The problem
List all lines of the data that include the string "origin".

Items listed in a dataset:
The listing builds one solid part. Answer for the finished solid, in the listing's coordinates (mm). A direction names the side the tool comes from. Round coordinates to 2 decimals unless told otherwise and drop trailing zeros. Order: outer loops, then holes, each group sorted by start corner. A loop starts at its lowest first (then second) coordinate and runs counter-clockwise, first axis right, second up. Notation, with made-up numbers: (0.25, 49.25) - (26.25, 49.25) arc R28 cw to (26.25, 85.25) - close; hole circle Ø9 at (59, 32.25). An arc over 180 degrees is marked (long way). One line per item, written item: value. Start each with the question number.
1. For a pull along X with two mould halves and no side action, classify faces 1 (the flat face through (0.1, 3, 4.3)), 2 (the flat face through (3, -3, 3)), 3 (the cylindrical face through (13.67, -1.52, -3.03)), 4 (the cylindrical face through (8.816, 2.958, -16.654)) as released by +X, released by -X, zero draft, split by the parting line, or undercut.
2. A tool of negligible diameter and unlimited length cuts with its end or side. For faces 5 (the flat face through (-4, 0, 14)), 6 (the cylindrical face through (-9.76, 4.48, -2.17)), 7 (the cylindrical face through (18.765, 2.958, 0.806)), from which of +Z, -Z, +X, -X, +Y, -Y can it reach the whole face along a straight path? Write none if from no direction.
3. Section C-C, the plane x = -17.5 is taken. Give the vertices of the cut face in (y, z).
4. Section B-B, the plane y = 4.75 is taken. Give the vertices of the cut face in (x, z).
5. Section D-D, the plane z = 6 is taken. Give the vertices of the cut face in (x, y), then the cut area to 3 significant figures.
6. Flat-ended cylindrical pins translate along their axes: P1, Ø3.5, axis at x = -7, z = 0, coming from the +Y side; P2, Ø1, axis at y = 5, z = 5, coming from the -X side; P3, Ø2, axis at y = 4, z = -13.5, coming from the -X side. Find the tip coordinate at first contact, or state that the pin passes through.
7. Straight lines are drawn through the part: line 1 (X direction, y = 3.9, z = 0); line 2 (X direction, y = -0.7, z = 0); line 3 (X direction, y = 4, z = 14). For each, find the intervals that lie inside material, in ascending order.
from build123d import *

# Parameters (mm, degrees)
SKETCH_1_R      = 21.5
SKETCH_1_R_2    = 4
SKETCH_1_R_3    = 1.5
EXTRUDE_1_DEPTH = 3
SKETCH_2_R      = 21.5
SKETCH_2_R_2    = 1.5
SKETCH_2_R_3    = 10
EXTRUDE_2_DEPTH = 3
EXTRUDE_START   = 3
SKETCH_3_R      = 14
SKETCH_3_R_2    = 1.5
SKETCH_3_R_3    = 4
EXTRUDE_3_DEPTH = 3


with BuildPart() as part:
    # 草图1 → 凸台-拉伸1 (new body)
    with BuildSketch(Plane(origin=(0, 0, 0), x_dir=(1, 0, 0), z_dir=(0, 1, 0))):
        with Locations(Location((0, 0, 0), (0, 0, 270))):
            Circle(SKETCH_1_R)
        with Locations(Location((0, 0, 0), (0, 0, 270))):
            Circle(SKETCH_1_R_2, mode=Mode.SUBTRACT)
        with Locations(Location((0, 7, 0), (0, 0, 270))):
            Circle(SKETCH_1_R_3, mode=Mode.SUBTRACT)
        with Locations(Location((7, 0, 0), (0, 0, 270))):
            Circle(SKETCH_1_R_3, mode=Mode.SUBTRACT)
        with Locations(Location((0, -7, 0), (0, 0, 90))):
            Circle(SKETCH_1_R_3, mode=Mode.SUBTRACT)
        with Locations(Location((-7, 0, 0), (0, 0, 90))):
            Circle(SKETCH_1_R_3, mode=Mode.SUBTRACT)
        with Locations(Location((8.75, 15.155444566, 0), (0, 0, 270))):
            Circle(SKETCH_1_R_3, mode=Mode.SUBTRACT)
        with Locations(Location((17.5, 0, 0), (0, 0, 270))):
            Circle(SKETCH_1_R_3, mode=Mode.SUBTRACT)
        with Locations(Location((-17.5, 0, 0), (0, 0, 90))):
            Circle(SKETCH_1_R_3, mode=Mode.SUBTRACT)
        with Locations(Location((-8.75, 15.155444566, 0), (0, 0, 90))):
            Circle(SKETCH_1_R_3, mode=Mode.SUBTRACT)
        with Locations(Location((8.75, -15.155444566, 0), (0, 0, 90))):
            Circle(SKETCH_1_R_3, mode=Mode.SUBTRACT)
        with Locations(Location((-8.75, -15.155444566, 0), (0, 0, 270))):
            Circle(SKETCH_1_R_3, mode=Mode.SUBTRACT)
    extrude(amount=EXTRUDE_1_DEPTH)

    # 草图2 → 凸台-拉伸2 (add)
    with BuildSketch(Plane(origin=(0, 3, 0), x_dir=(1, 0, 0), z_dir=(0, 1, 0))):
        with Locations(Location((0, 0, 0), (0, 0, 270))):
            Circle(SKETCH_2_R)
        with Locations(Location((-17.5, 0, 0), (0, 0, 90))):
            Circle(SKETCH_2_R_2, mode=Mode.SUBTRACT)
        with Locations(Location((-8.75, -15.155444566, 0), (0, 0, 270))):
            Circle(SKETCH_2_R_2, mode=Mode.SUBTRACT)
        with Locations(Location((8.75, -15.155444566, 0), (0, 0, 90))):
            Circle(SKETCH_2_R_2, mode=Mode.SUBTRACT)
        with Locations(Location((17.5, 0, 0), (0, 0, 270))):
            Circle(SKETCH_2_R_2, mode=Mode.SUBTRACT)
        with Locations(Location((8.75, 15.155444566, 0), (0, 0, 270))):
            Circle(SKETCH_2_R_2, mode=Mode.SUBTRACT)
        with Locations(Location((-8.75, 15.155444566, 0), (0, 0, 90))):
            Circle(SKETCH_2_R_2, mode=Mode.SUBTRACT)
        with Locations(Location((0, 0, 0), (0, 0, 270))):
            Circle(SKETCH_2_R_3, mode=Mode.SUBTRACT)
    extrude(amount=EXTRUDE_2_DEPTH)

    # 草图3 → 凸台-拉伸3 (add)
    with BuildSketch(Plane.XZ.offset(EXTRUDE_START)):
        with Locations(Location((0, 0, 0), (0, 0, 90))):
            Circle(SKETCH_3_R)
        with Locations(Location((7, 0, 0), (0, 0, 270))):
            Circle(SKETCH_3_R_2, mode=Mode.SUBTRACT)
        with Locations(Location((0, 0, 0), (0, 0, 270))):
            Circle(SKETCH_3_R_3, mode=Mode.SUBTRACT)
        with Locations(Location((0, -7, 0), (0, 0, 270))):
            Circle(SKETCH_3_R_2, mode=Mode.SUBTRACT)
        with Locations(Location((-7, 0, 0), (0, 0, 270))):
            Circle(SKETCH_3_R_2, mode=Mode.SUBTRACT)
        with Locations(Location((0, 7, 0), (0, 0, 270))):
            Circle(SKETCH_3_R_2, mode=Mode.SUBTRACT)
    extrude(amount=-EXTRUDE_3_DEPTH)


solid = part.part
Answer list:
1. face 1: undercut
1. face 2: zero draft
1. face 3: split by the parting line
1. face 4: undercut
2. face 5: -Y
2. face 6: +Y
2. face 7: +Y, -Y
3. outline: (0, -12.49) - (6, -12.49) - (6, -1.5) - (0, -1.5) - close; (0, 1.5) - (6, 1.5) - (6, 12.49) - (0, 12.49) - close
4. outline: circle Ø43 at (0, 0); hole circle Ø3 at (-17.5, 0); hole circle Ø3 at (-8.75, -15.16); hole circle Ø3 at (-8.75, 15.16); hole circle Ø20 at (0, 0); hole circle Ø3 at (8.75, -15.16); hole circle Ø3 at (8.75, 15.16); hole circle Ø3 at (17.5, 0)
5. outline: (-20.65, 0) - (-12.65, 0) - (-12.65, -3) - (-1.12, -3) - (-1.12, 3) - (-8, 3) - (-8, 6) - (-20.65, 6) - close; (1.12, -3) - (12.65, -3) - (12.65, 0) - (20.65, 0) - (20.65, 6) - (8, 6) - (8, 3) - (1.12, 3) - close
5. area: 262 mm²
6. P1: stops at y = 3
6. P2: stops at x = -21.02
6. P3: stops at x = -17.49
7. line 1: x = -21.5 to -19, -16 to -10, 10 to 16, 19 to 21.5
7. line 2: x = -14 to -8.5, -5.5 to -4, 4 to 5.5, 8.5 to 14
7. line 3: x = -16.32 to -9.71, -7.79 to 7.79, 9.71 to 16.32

Answer box
    with BuildSketch(Plane(origin=(0, 0, 0), x_dir=(1, 0, 0), z_dir=(0, 1, 0))):
    with BuildSketch(Plane(origin=(0, 3, 0), x_dir=(1, 0, 0), z_dir=(0, 1, 0))):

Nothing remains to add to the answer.